Célébrer la semaine sainte, pour un chrétien, c'est se rappeler, à l'exemple de Jésus, ses engagements, ses doutes, ses peurs, ses moments de noirceur; c'est se rappeler une attitude, celle de l'humilité, lors du lavement des pieds; c'est ne pas oublier que la lumière n'existerait pas sans la nuit et accueillir la lumière aussi; c'est croire qu'aucun chemin n'est fermé, qu'il est toujours possible d'aller plus loin; c'est affirmer que pour vivre plus, il faut parfois faire mourir en soi certaines choses; c'est réaliser qu'on n'est pas seul à adhérer à cette conviction. C'est aussi donner du sens à des gestes, à des rites, à des symboles qui ne sont en rien grotesques et sont même éternels: le feu, la lumière, l'eau, la renaissance ... Le sens et l'absence de rites font, à mon avis, défaut aux psychothérapies qui poursuivent pourtant tellement les mêmes valeurs et les mêmes buts.

Non, les chrétiens ne fêtent pas à Pâques une résurrection désincarnée, pour l'au-delà, ce serait absurde, il affirment la conviction d'un certain cheminement bien concret pour aujourd'hui qui sera parsemé de morts et de résurrections successives au coeur de la vie de chacun d'entre eux.

Pour ceux - y en aura-t-il? - qui veulent aller un peu plus loin, deux homélies:

- celle de Frère Etienne, à propos de la lecture de la passion, le jour des Rameaux.










Les Rameaux:

J’aimerais vous convaincre, si vous ne l’êtes déjà, que le texte que nous venons d’entendre, ce long récit de la passion de Jésus, n’a rien d’une exaltation de la souffrance. Dieu n’a pas besoin de la souffrance de son Fils pour nous libérer. Le supplice de Jésus n’est pas le prix fixé par son Père des cieux, pour nous racheter. Comprendre la passion de Jésus de cette façon-là nous condamne, je pense, à nous la rendre totalement étrangère et à ne rien saisir de ce qui y est en jeu. 
La souffrance brute, le mal ou, pour le dire autrement, ce qui fait mal, la Bible n’en donne pas le sens, car peut-être, tout simplement, elle nous conduit à prendre conscience que cela n’a pas de sens ! Même pour Dieu ? Oui, je crois profondément que même pour Dieu, ce qui fait mal est d’abord absurde.
Le mal qui touche l’être humain est comme un abîme qui engloutit tout, qui prend toute la place et dans lequel il semble qu’on se noie. Mais cet abîme de douleur excessive peut devenir, de façon surprenante, le lieu inattendu, mystérieux, où le sens même d’une existence se dévoile, où se révèle aussi le sens de l’existence d’un Dieu infiniment proche, capable de rejoindre celui qui se voit presque détruit pour lui donner accès à une lumière dont il n’avait même pas idée. Cet abîme de douleur qui appelle l’abîme de l’amour sans limite de Dieu, selon les termes du psaume 41, voilà peut-être ce qui se révèle en Jésus sur la croix, et qui nous donne à contempler la profondeur du pourquoi de chaque vie, et combien, pour citer un autre psaume, elle est chère et précieuse aux yeux de Dieu (psaume 15).
Jésus est venu établir l’Alliance nouvelle annoncée et mise en route par les vieux prophètes d’Israël, commencée et ouverte au mont Sinaï, mais dont la portée, si on la prend vraiment au sérieux, acquiert tout à coup une dimension inattendue et pour tout dire, explosive.
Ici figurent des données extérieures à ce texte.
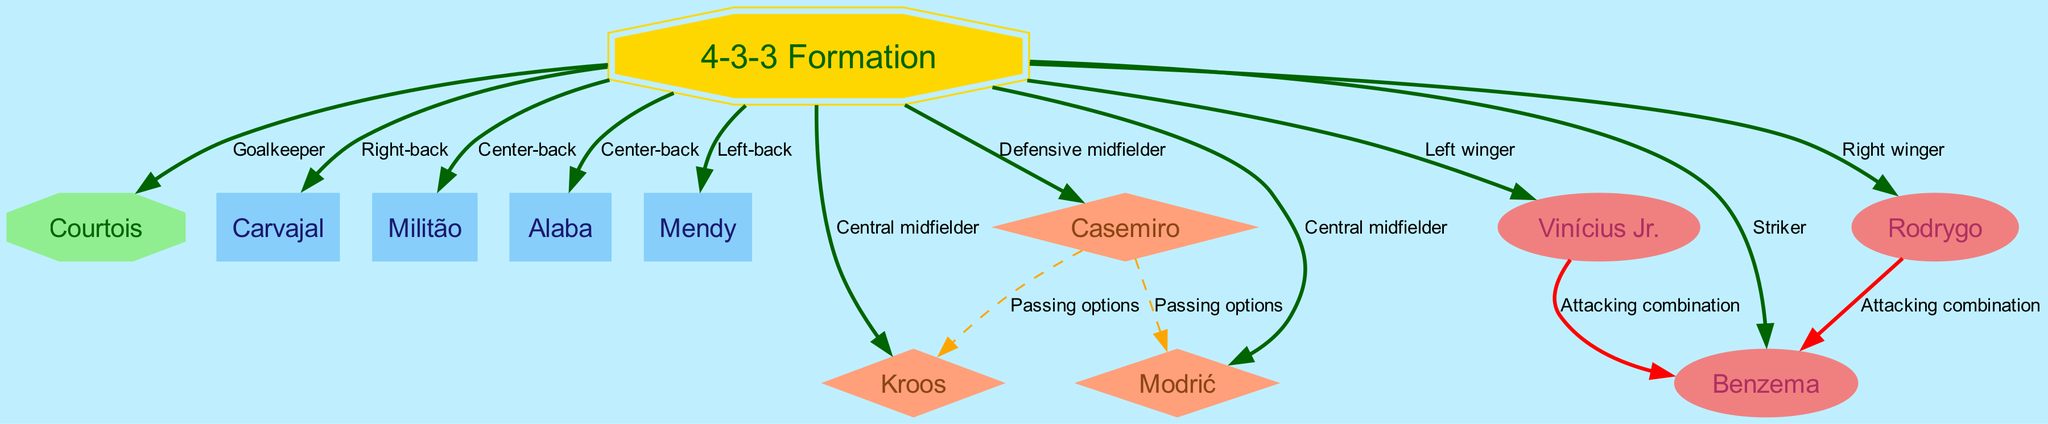What is the role of Courtois in the 4-3-3 Formation? In the diagram, Courtois is directly connected to the "4-3-3 Formation" node with the label "Goalkeeper," indicating that his position is that of the goalkeeper in this formation.
Answer: Goalkeeper How many nodes are in the diagram? The diagram contains 11 nodes listed under the "nodes" key in the data, which represents the players and formation used by Real Madrid.
Answer: 11 Which player is designated as the right winger? The directed edge from the "4-3-3 Formation" node to "Rodrygo" is labeled "Right winger," indicating that Rodrygo's designated position is as the right winger.
Answer: Rodrygo What type of edge connects Casemiro to Kroos? The diagram shows a dashed line labeled "Passing options," which illustrates that there's a passing option relationship between Casemiro and Kroos within the midfield setup.
Answer: Passing options Which players are involved in attacking combinations with Benzema? The directed edges labeled "Attacking combination" connect both "Vinícius Jr." and "Rodrygo" to "Benzema," meaning both players collaborate with Benzema in attacking plays.
Answer: Vinícius Jr. and Rodrygo What is the formation used by Real Madrid in this diagram? The "4-3-3 Formation" is explicitly stated as the central node, which represents the tactical shape that Real Madrid employs in the match according to the diagram.
Answer: 4-3-3 Formation What is the relationship between Vinícius Jr. and Benzema? The diagram illustrates an edge labeled "Attacking combination" from "Vinícius Jr." to "Benzema," indicating their collaboration during attacking plays in matches.
Answer: Attacking combination How many defensive midfielders are there in the formation? The central node shows that there is one defensive midfielder linked to the formation, which is Casemiro, making the count of defensive midfielders one in this setup.
Answer: 1 Which three players are categorized as central midfielders? The nodes "Kroos," "Casemiro," and "Modrić" are related to the "4-3-3 Formation," but only 2 of them, Kroos and Modrić, are classified as central midfielders as shown in the diagram's edge labels.
Answer: Kroos and Modrić

La force, l’énergie vitale du Royaume des cieux que Jésus annonce et inaugure, vient mettre en question les certitudes les mieux établies, les évidences et les sécurités les mieux verrouillées, interpelle enfin nos ambiguïtés les mieux refoulées. De ce point de vue, l’annonce lumineuse du Royaume spirituel dont Jésus est la clef prophétique, affronte de plein fouet l’obscurité humaine et la menace dans ses fermetures, ses refus, ses illusions et ses valeurs.
On comprend que Jésus ait payé de sa vie les déchirures libératrices qu’il a provoquées. Cela allait trop loin et plus que probablement, il a jaugé les conséquences de son action, avant de l’assumer jusqu’au bout et d’en faire le lieu crucial de son message. On lui a pris sa vie, mais il l’a aussi donnée. C’est ce qu’on peut en effet appeler sa passion : La souffrance mortelle qui lui fut infligée, mais aussi, et sans doute d’abord, cette passion qui l’animait pour ce renouveau de vie de l’humanité, l’offre faite à tout homme de cette plongée vertigineuse en Dieu, celui que Jésus appelait familièrement son Père, et qu’il nous a appris à nommer ainsi, comme il le faisait.
Jésus vivait de cette passion de Dieu pour un monde plus humain. Pas un peu plus humain, ce qui n’aurait déjà pas été si mal : un monde vraiment humanisé, totalement, infiniment, éternellement, divinement humanisé, à la mesure même d’un Dieu sans mesure et qui seul a le secret de la source de toute humanité. Voilà ce que Jésus croyait, ce qu’il savait, ce pour quoi il était prêt à donner sa vie, sans compromis possible. Voilà la Présence divine qui en lui se laissait voir au cœur des histoires de nos finitudes, et les transfigurait.
Ainsi, le chemin de Jésus, jusqu’à la croix, dit Dieu, dit sa passion d’amour pour chacun d’entre nous. Car il s’offre encore à nous et nous invite, nous qui avons mis en lui notre confiance, à construire avec lui ce chemin extraordinaire et risqué qui fait de nous, à notre tour, de nouveaux christs, des filles et des fils du Père, définitivement, éternellement.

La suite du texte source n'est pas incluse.